Cairo welcomed Algerian Foreign Minister Ramtane Lamamra this week, a visit that demonstrated the strong, decades-old ties between the two countries. The late leader president Gamal Abdel-Nasser supported Algeria's long, just war for independence from the French in the 1950s and early 1960s. Cairo's Sawt Al-Arab (the Voice of Arabs) radio station was practically a mouthpiece for the Algerian resistance movement in its heroic struggle, and Nasser vehemently rejected French threats and pressure to end his support for the nationalist movement in Algeria.
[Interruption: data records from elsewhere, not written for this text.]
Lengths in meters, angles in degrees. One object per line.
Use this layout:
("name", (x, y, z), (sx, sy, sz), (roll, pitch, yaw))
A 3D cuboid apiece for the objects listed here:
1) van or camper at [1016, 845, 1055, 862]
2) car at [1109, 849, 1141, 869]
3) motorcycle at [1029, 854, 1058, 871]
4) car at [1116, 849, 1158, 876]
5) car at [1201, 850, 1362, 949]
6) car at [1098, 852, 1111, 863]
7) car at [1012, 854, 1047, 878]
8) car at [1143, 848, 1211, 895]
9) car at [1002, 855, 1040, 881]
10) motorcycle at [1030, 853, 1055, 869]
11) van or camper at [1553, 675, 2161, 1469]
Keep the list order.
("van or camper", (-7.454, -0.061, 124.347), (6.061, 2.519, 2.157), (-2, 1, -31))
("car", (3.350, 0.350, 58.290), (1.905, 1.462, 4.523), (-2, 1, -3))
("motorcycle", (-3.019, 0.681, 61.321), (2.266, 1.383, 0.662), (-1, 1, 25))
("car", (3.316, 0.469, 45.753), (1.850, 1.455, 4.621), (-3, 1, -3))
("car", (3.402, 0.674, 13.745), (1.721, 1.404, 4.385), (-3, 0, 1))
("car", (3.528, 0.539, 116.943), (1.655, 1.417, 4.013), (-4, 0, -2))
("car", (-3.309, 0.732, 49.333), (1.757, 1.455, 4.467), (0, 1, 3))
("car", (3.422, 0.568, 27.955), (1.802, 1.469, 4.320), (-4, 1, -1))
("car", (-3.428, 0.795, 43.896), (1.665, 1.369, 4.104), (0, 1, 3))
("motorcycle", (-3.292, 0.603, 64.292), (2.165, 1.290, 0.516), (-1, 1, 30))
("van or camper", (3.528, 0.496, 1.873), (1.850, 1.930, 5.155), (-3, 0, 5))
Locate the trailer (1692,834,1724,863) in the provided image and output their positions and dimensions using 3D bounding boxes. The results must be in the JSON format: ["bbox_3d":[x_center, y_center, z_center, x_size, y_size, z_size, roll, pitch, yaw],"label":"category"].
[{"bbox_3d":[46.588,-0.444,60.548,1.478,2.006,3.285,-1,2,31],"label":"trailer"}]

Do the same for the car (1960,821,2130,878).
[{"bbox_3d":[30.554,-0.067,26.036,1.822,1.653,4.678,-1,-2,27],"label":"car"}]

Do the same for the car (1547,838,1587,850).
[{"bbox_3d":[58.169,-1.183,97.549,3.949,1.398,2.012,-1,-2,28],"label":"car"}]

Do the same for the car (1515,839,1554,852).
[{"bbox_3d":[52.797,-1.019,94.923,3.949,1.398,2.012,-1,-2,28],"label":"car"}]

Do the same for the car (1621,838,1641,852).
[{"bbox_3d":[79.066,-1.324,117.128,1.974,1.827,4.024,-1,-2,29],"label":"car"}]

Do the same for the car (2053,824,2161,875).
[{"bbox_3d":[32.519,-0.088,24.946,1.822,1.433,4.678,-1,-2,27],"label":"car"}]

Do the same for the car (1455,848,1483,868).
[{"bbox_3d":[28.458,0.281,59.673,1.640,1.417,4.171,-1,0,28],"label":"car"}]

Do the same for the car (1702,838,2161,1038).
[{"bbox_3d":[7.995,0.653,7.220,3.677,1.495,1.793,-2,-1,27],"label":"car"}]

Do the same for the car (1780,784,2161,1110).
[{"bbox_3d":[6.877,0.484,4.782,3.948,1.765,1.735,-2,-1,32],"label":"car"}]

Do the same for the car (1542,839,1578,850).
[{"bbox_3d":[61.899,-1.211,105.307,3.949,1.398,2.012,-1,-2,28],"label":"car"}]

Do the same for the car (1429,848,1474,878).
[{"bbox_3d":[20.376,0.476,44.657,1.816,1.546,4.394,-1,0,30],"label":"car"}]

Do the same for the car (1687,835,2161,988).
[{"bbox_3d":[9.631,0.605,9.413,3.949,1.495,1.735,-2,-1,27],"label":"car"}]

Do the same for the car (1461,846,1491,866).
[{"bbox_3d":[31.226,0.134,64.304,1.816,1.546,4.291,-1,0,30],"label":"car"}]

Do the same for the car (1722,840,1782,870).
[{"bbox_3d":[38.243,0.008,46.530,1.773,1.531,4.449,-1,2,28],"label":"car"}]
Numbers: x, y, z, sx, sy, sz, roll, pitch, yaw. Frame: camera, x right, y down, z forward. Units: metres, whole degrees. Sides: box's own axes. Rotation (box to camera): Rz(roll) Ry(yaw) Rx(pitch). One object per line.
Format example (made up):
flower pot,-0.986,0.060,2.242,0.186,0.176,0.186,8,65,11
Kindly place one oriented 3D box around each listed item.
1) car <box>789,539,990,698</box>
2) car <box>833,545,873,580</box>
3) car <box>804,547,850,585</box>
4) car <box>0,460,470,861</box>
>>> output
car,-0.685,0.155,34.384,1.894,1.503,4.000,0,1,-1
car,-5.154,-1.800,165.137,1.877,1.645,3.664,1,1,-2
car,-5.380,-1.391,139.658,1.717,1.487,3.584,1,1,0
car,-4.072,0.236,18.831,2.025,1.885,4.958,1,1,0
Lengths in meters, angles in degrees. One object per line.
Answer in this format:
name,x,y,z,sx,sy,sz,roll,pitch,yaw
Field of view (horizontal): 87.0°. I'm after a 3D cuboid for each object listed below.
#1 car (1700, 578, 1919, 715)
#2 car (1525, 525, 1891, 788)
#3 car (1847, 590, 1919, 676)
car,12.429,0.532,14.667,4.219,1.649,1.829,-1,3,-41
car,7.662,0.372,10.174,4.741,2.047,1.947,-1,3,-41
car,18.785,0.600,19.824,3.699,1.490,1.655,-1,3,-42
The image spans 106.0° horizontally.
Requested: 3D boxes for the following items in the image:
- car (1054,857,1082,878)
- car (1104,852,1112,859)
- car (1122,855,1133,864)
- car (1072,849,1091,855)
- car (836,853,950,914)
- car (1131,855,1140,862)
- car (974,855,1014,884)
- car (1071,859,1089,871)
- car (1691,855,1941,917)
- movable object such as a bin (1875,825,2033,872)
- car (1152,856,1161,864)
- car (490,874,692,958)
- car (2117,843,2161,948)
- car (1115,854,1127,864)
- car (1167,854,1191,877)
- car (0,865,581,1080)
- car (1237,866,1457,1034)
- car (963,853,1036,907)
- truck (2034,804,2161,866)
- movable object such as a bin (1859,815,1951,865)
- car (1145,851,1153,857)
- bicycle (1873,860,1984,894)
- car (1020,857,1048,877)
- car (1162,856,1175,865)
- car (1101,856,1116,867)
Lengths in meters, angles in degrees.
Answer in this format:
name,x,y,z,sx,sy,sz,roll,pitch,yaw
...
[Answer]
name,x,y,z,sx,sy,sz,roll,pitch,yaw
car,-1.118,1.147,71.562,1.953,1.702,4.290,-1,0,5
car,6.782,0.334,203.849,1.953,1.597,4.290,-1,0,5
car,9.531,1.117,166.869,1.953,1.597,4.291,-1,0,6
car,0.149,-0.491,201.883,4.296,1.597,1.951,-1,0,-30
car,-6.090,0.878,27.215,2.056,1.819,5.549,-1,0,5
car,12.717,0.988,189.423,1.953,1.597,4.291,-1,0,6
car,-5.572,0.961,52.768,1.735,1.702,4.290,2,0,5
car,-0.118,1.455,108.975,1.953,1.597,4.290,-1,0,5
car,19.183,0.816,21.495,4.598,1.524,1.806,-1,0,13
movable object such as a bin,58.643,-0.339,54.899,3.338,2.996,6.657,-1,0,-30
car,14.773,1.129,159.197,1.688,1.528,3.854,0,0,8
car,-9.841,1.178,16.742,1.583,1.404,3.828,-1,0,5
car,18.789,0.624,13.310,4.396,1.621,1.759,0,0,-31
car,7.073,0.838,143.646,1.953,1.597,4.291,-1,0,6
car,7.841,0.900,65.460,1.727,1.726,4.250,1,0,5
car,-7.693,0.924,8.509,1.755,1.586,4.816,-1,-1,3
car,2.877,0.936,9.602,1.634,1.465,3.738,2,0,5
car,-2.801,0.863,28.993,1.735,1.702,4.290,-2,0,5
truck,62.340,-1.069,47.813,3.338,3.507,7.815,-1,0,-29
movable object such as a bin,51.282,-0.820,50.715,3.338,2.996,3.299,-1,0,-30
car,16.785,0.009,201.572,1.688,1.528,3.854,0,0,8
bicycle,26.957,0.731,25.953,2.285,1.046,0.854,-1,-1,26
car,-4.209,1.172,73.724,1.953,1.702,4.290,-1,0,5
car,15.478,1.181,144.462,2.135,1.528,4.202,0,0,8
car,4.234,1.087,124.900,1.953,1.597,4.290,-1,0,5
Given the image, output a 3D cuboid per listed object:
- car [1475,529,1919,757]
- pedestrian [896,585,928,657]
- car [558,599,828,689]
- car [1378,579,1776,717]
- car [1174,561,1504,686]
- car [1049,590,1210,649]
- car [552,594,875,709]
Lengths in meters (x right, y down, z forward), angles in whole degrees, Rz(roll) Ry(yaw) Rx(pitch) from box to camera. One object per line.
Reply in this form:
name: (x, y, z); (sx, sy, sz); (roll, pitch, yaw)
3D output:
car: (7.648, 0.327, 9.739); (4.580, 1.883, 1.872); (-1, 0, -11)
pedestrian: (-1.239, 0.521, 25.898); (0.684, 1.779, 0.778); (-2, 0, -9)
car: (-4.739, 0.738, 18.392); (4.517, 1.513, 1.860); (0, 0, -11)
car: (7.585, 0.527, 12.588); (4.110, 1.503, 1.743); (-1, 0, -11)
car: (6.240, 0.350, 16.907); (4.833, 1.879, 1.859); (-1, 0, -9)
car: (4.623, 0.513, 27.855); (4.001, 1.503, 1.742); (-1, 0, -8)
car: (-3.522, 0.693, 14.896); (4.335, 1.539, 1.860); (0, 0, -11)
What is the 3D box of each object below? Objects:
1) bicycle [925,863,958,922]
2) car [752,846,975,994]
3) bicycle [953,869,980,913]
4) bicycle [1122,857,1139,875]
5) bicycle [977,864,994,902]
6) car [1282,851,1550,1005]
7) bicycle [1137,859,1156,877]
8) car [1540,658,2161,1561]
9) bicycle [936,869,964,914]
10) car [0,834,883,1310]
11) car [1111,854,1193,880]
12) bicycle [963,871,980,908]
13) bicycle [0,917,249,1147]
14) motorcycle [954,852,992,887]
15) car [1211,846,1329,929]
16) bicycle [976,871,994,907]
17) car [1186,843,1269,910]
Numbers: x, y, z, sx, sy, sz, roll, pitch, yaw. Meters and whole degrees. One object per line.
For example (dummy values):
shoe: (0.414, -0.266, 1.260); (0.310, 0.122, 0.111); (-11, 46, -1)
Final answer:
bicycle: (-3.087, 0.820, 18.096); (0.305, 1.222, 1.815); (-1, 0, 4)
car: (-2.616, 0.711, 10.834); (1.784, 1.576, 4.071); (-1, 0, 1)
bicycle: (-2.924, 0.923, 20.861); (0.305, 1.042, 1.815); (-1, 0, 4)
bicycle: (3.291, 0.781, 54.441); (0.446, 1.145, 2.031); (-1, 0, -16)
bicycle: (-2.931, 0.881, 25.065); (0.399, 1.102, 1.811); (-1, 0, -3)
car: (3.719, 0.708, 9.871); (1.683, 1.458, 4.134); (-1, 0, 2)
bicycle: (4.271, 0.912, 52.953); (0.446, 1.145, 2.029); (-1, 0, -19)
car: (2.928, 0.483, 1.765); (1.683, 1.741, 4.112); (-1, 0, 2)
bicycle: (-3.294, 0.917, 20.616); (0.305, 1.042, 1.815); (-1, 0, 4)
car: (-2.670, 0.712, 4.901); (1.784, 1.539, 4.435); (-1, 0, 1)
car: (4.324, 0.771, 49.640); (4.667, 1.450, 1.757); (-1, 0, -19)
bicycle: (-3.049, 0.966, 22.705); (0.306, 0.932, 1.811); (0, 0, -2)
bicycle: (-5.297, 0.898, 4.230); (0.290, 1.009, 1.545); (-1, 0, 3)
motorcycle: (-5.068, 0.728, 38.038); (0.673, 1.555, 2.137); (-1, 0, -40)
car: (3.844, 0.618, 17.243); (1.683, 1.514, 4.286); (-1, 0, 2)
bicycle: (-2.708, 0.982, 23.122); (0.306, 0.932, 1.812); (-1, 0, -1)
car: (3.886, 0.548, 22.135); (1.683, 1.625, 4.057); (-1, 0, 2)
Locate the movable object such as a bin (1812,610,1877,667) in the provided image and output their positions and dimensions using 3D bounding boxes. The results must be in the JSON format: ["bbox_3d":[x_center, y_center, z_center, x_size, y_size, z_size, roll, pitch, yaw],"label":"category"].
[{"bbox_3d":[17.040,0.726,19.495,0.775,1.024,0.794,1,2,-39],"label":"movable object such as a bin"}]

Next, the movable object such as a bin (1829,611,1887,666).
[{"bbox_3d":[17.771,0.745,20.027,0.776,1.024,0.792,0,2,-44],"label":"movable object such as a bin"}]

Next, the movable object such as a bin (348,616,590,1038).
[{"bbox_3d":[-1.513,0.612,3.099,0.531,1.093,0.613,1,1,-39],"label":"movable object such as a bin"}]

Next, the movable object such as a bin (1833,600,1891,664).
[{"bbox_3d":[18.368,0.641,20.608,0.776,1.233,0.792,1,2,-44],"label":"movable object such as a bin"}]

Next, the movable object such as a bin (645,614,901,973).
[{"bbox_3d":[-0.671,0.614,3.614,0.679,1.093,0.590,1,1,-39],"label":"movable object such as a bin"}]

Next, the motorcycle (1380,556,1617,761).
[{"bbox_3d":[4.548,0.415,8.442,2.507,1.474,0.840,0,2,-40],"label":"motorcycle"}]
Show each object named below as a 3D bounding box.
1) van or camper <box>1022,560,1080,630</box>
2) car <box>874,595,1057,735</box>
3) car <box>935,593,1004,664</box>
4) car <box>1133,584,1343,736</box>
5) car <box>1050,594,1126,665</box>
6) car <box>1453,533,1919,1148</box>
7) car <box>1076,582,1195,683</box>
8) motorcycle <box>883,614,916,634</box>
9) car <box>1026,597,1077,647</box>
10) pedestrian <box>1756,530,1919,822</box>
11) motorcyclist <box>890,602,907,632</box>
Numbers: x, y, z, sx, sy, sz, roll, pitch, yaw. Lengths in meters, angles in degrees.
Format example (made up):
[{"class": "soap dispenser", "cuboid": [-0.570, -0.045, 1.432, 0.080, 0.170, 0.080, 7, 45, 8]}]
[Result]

When Nasser visited "the country of the one million martyrs" after independence in 1962, he was welcomed as a hero, and spared no effort to help Algeria regain its Arab and African identities.
Meanwhile, shortly after Algeria became indepent, its leaders earned worldwide respect for their wise foreign policy and diplomatic mediation to solve Arab and African conflicts, whether in Lebanon, during the war between Iraq and Iran or in African countries seeking independence from either French or British occupation.
In the ongoing dispute over the disastrous effects of the Grand Ethiopian Renaissance Dam (GERD) on Egypt and Sudan's legitimate share in Nile water, Algerian mediation can definitely benefit all three countries. Although Egypt and Sudan both strongly condemned Ethiopia's second, unilateral filling of the GERD in early July, they continued to stress that the door remained open for reaching an agreement.
Receiving the Algerian minister confirms Egypt and Sudan's openness to any positive effort, particularly by African and Arab countries, to convince Addis Ababa to stop its procrastination policy and reach a fair, binding agreement with both Egypt and Sudan on the conditions for filling the GERD without causing drought and other, severe damage in both countries. Lamamra, who also visited Ethiopia and Sudan before his final stop in Cairo, has a tough mission ahead of him. The skillful diplomat is seeking not just to fix Ethiopia's relations with Egypt, but also with the majority of Arab countries who expressed understanding for Egypt's stand, and issued a statement by the Arab League in late June calling upon Ethiopia to act in good faith and stop wasting time in endless negotiations before reaching agreement with Egypt and Sudan.
Lamamra rightly stated in his joint news conference with his Egyptian counterpart, Sameh Shoukri that the dispute between Ethiopia, Sudan and Egypt over the Nile dam was "going through a critical stage." He also noted Egypt's success in presenting the GERD on the world stage after failing to reach an agreement with Ethiopia for more than ten years, stating that "the GERD dispute is a global issue for which the UN Security Council convened and is seen as one of the important world issues."
Despite the sincere efforts by several friendly parties to mediate an agreement – South Africa, the United States, the European Union and the current African Union president, the Democratic Republic of CongoEthiopia has always rejected the outcome at the last moment, wrongly turning the GERD into a national issue in an attempt to unite the Ethiopian people behind an illusionary conspiracy they claimed Egypt was orchestrating to prevent the key African country from making the best use of its water resources.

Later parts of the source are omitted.